I have actually never found an example of a vmax owner who has done a swap to a modern (R1, hayabusa, etc.) front end and who has later reported a speed wobble. Maybe someone can find an example but, a front end swap would give you a modern fork, modern damping, larger fork diameter, better brakes, and of course, far more tire options. Or... in other words, a completely different set of engineering to keep the front tire on the ground and aligned straight ahead!
 

Attachments

  • wobble opinion.JPG
    wobble opinion.JPG
    88.6 KB
Last edited:
Could there be a combination of side flexing between the rear and front tyres which is disturbed by adding extra weight to the rear or by the rider shifting his weight further back in the seat? With different sized wheels it means that the tyres are rotating at different speeds but at some point the rotation of the 2 wheels are going to have some sort of of synchronicity. It could be that the 2 wheels become resonant at around 85-95Mph. I look forward to fitting dunlops at a later stage.
 
Could there be a combination of side flexing between the rear and front tyres which is disturbed by adding extra weight to the rear or by the rider shifting his weight further back in the seat? With different sized wheels it means that the tyres are rotating at different speeds but at some point the rotation of the 2 wheels are going to have some sort of of synchronicity. It could be that the 2 wheels become resonant at around 85-95Mph.

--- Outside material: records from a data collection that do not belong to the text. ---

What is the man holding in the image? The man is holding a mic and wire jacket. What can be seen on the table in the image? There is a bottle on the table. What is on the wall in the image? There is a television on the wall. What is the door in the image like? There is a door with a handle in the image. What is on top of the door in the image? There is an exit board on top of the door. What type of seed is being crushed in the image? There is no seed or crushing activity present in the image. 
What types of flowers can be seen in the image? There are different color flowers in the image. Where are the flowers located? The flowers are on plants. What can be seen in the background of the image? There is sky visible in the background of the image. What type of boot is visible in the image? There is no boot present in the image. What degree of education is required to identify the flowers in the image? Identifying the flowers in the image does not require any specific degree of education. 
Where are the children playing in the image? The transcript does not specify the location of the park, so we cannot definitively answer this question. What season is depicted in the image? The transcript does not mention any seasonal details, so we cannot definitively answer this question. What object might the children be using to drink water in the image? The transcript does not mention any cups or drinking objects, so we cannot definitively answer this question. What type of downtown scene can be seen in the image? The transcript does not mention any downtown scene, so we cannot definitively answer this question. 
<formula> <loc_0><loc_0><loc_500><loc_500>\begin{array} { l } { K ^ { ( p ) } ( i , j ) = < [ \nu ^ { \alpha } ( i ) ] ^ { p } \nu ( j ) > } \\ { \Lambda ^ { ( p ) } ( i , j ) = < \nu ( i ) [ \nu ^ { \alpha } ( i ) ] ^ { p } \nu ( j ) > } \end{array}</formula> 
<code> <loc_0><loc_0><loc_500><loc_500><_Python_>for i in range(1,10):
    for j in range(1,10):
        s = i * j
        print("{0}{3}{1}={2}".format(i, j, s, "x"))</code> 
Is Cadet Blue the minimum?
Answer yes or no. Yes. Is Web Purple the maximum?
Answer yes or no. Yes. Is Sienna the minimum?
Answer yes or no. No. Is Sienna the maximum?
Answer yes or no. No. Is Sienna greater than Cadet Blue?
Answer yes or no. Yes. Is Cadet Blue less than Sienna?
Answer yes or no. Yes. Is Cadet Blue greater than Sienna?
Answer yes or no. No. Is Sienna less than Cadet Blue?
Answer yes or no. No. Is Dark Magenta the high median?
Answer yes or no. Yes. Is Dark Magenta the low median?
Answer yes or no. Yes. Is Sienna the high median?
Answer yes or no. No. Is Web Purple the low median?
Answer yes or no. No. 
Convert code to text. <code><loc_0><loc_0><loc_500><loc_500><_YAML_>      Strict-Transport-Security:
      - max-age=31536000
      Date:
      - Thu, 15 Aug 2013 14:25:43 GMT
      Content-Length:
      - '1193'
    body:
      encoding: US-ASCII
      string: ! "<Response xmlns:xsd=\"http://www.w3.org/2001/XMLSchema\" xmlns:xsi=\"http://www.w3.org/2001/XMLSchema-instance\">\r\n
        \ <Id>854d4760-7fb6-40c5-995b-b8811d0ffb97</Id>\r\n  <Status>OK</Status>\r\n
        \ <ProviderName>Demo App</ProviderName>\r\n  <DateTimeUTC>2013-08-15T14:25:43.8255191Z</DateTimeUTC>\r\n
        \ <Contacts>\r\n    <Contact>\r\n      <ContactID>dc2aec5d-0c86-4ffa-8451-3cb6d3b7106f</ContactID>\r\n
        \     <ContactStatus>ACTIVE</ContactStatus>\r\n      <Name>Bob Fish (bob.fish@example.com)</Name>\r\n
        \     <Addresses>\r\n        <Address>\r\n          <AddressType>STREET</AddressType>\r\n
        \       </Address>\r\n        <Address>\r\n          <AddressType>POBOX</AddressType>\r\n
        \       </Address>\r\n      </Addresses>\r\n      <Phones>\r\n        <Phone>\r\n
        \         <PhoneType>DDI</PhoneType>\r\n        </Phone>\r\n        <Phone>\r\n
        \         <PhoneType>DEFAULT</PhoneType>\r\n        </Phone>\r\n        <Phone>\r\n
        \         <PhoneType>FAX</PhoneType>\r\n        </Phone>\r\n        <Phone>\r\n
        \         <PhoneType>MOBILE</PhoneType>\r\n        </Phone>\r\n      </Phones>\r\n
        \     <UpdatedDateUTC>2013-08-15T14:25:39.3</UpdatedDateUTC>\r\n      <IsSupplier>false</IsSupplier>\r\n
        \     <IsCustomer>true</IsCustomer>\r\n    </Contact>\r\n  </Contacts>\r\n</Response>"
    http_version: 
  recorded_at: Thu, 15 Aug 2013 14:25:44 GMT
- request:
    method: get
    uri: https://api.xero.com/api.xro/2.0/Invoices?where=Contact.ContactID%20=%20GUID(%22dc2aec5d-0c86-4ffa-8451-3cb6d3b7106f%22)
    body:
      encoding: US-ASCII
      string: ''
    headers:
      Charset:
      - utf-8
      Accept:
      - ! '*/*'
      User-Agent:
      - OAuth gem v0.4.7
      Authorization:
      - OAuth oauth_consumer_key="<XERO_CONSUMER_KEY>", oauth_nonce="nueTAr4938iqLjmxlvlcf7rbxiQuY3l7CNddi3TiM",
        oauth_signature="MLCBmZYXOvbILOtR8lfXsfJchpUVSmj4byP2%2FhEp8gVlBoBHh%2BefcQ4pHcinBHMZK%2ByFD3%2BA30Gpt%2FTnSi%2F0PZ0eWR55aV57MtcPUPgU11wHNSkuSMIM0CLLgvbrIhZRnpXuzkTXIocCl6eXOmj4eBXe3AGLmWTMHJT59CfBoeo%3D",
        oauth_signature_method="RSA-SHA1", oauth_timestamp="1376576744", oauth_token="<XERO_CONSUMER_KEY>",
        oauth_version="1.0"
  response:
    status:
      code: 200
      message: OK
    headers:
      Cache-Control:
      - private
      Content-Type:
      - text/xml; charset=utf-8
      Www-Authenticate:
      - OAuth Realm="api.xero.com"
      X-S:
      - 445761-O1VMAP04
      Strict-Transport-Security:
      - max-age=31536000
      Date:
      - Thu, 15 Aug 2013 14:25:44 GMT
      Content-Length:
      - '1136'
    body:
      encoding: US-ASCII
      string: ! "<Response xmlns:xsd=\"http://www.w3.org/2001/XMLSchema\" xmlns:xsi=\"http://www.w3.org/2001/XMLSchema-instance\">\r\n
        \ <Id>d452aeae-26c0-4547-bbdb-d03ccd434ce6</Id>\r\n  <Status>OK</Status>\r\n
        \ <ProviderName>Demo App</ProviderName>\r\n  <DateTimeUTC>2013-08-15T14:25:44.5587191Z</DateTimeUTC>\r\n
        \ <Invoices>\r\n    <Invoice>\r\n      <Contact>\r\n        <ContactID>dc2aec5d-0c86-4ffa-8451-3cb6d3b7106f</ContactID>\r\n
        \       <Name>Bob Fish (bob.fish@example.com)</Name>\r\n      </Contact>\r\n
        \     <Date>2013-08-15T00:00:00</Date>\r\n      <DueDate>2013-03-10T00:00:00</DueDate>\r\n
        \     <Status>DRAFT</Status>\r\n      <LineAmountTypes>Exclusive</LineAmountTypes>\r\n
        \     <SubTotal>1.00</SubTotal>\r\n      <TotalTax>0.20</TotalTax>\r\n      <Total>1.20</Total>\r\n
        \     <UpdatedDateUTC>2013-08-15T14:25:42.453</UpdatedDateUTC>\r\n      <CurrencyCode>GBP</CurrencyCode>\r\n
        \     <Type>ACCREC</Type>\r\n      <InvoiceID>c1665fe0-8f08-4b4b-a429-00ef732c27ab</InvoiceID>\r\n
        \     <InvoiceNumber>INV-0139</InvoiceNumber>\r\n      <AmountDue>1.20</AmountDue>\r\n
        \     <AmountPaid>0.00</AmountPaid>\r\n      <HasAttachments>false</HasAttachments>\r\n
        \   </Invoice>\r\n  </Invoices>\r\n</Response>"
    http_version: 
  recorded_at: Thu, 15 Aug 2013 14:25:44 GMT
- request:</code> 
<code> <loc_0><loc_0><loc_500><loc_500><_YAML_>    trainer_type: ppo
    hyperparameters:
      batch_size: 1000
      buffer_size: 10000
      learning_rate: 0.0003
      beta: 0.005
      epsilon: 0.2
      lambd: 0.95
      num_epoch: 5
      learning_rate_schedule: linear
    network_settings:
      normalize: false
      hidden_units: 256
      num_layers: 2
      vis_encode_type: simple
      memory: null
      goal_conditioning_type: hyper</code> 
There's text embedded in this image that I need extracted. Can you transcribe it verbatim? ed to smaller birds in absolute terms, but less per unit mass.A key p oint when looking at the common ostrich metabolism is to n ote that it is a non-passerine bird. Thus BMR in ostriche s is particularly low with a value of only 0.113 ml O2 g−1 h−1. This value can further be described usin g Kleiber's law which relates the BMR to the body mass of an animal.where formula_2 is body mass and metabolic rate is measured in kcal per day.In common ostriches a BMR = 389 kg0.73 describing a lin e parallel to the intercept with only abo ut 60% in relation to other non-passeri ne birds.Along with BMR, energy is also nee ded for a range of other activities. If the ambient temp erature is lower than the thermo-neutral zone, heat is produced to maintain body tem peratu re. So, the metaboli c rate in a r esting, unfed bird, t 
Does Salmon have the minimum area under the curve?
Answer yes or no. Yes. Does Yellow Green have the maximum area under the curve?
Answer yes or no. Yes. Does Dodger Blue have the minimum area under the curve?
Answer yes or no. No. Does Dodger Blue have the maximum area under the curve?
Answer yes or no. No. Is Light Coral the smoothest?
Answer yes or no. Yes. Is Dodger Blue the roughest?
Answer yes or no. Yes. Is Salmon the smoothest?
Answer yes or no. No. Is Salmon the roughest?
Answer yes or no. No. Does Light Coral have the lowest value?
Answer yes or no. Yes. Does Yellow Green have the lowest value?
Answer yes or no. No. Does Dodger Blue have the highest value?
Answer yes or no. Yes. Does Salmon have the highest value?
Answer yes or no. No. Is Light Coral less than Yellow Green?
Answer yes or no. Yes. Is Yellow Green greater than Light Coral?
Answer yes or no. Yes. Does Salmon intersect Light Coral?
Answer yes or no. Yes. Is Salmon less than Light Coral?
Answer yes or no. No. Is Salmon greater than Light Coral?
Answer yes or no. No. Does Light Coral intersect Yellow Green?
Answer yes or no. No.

I look forward to fitting dunlops at a later stage.

Very possible.

On front-wheel-drive cars, I have always tried to rotate the rims on the wheel hubs so that the wheel balance weights are at an opposite axis angle as the wheel on the opposing side to try and smooth out the front end wheel balance.

A softer motorcycle tire should actually stay in contact with the road surface better/longer and thus should be perhaps better at preventing the speed wobble, if the wobble is indeed a result of front tire float. Reducing air pressure could definitely soften the tire but it could also change tire profile. Imagine rolling a motorcycle over a sheet of glass and observing the contact patches and wheel alignment from under the bike....

Last night, I tightened the head bearings a little more and now the 45mph decel wobble is gone. Not sure if this will improve anything or make it worse but the idea was to just recheck and re-torque everything again. As with any steering/front end changes, I will slowly and carefully increase speed and check test incrementally. The front end feels pretty much the same as before right now, though.

I also have a spare rim and even a spare tire right now, spare wheel bearings, etc. I will be shopping for a Metzeler tire but in the meantime, I may swap on the other wheel and different spare tire brand.

It may be an important reminder for anyone following this thread that it is important to understand the difference between a speed wobble and a speed weave when discussing and working on the issues. My understanding is that the speed wobble is the shake and wobble of the steering head and front end and the speed weave is the flex and movement of the frame aft of the steering head. The speed wobble starts at the steering head and according to the source link above, "does not involve the rear frame in any significant way". The speed weave does involve the rear frame and may also involve the swingarm, suspension, wheel, etc. and translate forward to the steering head.

Of course, I have experienced both the wobble and the weave, as many others have. The wobble is the 45mph decel headshake. The frame feels fine but the front wheel wobbles like a shopping cart castor wheel, just like in the video below. Thank goodness I have not experienced the same headshake at high speed. Weaving begins but I adjust speed, etc. to pull it out of the weave before any headshake can occur.

So in the current state of tune, my bike, by definition, does not headshake or head wobble at the moment but it does begin a high speed weave, which might develop into a headshake/wobble at high speed.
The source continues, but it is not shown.